- Supreme Court of the United States

Decided February 22, 2012
- Full case name: PPL Montana, LLC v. Montana
- Citations: 565 U.S. 576 (more)

Holding
- The equal-footing doctrine gives a state title to a segment of a river if that segment was navigable at the time the state enters the union; else, it remained in control of the federal government and could be sold by the government.

Court membership
- Chief Justice John Roberts Associate Justices Antonin Scalia · Anthony Kennedy Clarence Thomas · Ruth Bader Ginsburg Stephen Breyer · Samuel Alito Sonia Sotomayor · Elena Kagan

Case opinion
- Majority: Kennedy, joined by unanimous

= PPL Montana, LLC v. Montana =

PPL Montana, LLC v. Montana, , was a United States Supreme Court case in which the court held that the equal-footing doctrine gives a state title to a segment of a river if that segment was navigable at the time the state enters the union; else, it remained in control of the federal government and could be sold by the government.

==Background==

PPL Montana, LLC (PPL) owns and operates hydroelectric facilities in Montana. Ten of its facilities are located on riverbeds underlying segments of the Missouri, Madison, and Clark Fork Rivers. Five hydroelectric dams on the Upper Missouri River are along the Great Falls reach, including on the three tallest waterfalls; and PPL's two other dams on that river are in canyons on the Stubbs Ferry stretch. These, together with two dams located in steep canyons on the Madison River, are called the Missouri-Madison project. The Thompson Falls project is a facility on the Clark Fork River. Both projects are licensed by the Federal Energy Regulatory Commission. PPL's facilities had existed for many decades, some for over a century, at the time of the dispute.

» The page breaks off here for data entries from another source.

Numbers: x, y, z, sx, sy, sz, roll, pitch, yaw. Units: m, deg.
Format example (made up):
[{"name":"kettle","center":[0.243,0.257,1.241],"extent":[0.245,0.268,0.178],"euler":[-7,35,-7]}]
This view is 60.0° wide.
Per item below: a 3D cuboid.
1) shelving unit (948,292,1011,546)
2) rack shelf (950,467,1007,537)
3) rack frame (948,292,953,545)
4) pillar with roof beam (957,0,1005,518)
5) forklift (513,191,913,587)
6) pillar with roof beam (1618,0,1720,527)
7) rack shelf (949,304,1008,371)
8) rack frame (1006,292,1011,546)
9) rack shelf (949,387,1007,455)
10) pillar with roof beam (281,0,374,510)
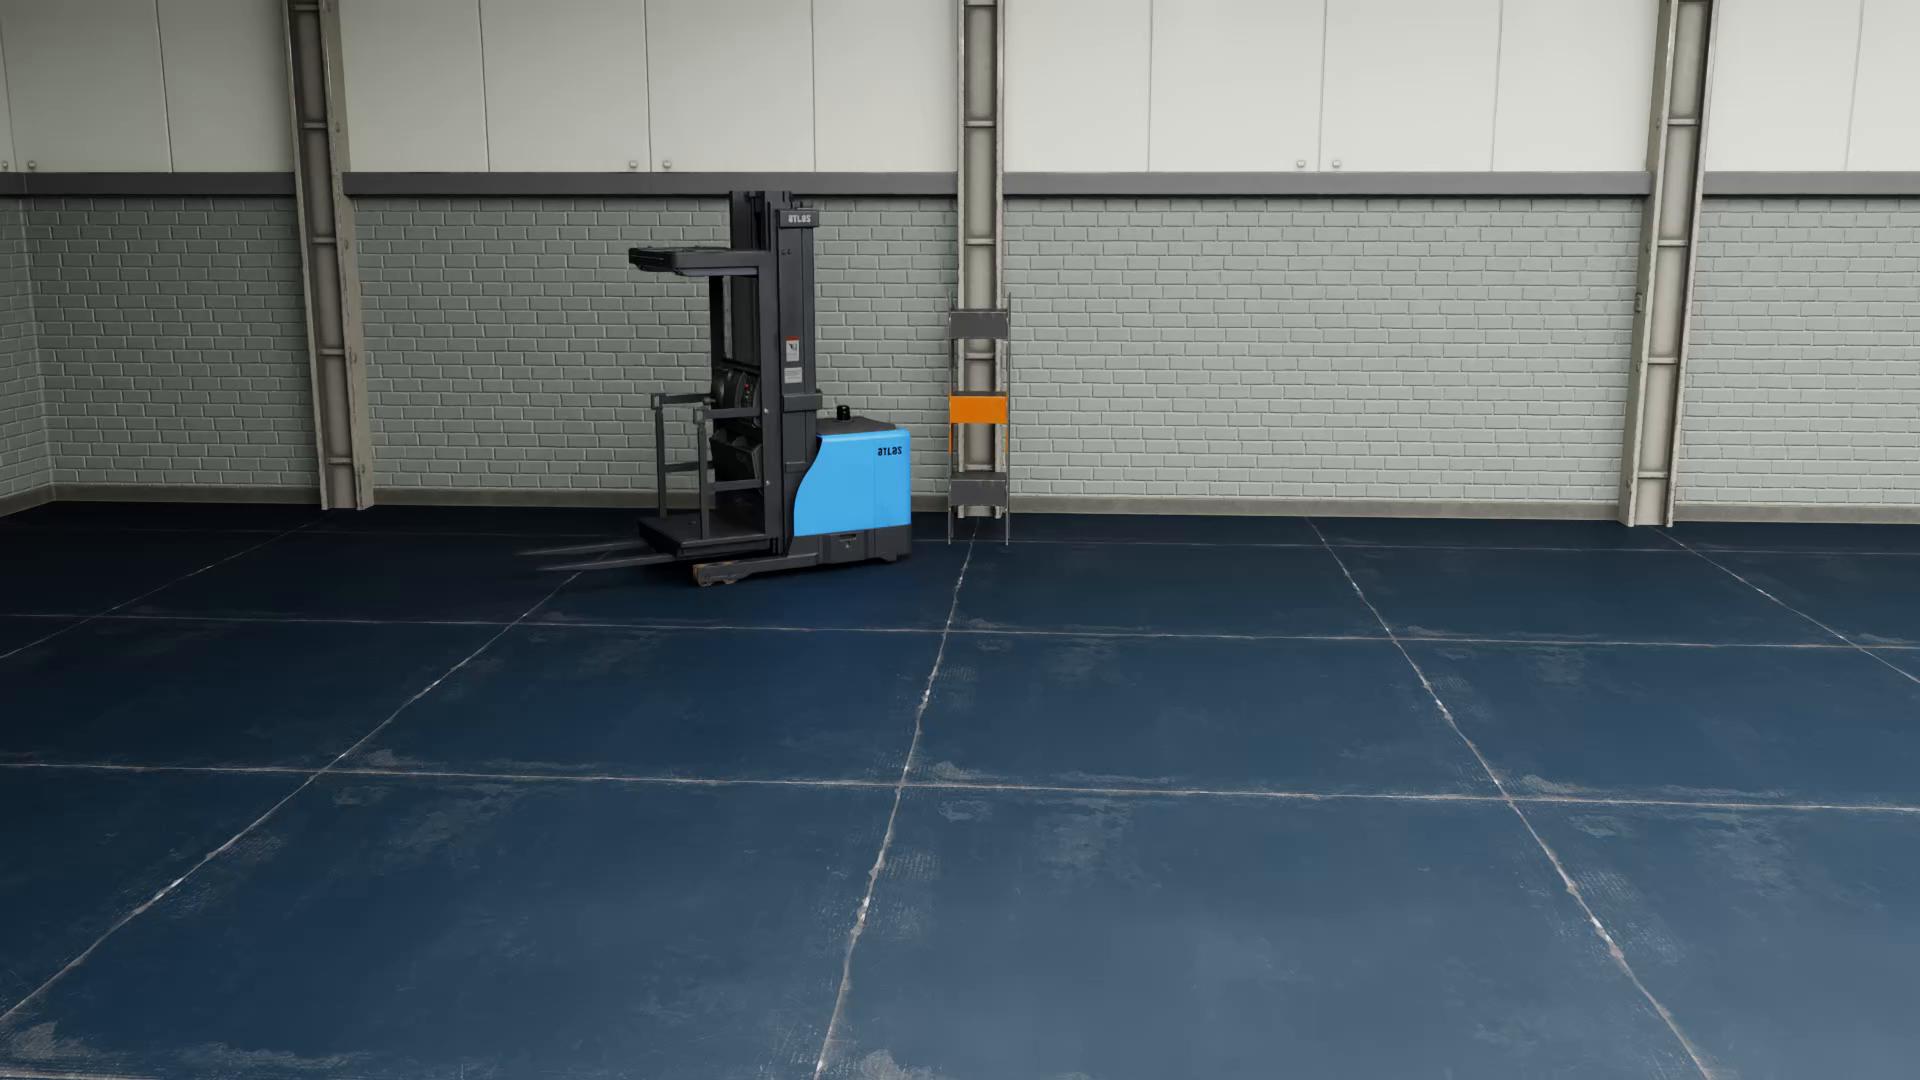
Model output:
[{"name":"shelving unit","center":[0.165,-1.025,14.042],"extent":[0.503,2.100,0.431],"euler":[1,12,4]},{"name":"rack shelf","center":[0.165,-0.327,14.188],"extent":[0.480,0.518,0.431],"euler":[1,12,4]},{"name":"rack frame","center":[-0.078,-1.029,14.058],"extent":[0.015,2.100,0.400],"euler":[1,12,4]},{"name":"pillar with roof beam","center":[-0.103,-3.759,10.259],"extent":[0.400,9.000,9.100],"euler":[1,12,4]},{"name":"forklift","center":[-1.926,-1.205,12.872],"extent":[3.031,2.935,1.130],"euler":[-6,13,-28]},{"name":"pillar with roof beam","center":[5.884,-3.677,9.867],"extent":[0.400,9.000,9.100],"euler":[1,12,4]},{"name":"rack shelf","center":[0.165,-1.697,13.902],"extent":[0.480,0.518,0.431],"euler":[1,12,4]},{"name":"rack frame","center":[0.409,-1.022,14.026],"extent":[0.015,2.100,0.400],"euler":[1,12,4]},{"name":"rack shelf","center":[0.165,-1.012,14.045],"extent":[0.480,0.518,0.431],"euler":[1,12,4]},{"name":"pillar with roof beam","center":[-6.089,-3.841,10.652],"extent":[0.400,9.000,9.100],"euler":[1,12,4]}]

Montana was aware of the projects' existence but sought no rent for use of the riverbeds for most of that time. Instead, the understanding of PPL and the United States was that PPL had paid rents to the United States. In 2003, parents of Montana schoolchildren filed a federal suit, claiming that PPL's facilities were on riverbeds that were state-owned and part of Montana's school trust lands. The State joined the suit and, for the first time, sought rents from PPL for its use of the riverbeds. That case was dismissed, and PPL and other power companies filed a state-court suit, claiming that Montana was barred from seeking compensation for PPL's riverbed use. Montana counterclaimed, contending that under the equal-footing doctrine it owned the riverbeds and can charge rent for their use. The trial court granted Montana summary judgment as to navigability for purposes of determining riverbed title and ordered PPL to pay Montana $41 million in rent for riverbed use between 2000 and 2007. The Montana Supreme Court affirmed. Adopting a liberal construction of the navigability test, it discounted the Supreme Court's approach of considering the navigability of particular river segments for purposes of determining whether a State acquired title to the riverbeds underlying those segments at the time of statehood. Instead, the Montana court declared the river stretches in question to be short interruptions of navigability that were insufficient as a matter of law to find nonnavigability, since traffic had circumvented those stretches by portage. Based on evidence of present-day, recreational use of the Madison River, the court found that river navigable as a matter of law at the time of statehood.

==Opinion of the court==

The Supreme Court issued an opinion on February 22, 2012. Citing cases including The Daniel Ball and United States v. Utah, the Supreme Court reminded the Montana Supreme Court that the equal-footing doctrine is based on whether the river segments were navigable at the time of statehood. Because the court determined that the Montana Supreme Court had incorrectly applied the test, it reversed and remanded on that basis without determining whether the river segments were navigable at the time of Montana's founding in 1889. The opinion by Justice Kennedy included extensive citations to historical documentation outside of the record that would have been researched by Supreme Court staff; for example, it cites multiple editions of the Journals of Lewis and Clark and nineteenth-century newspaper articles.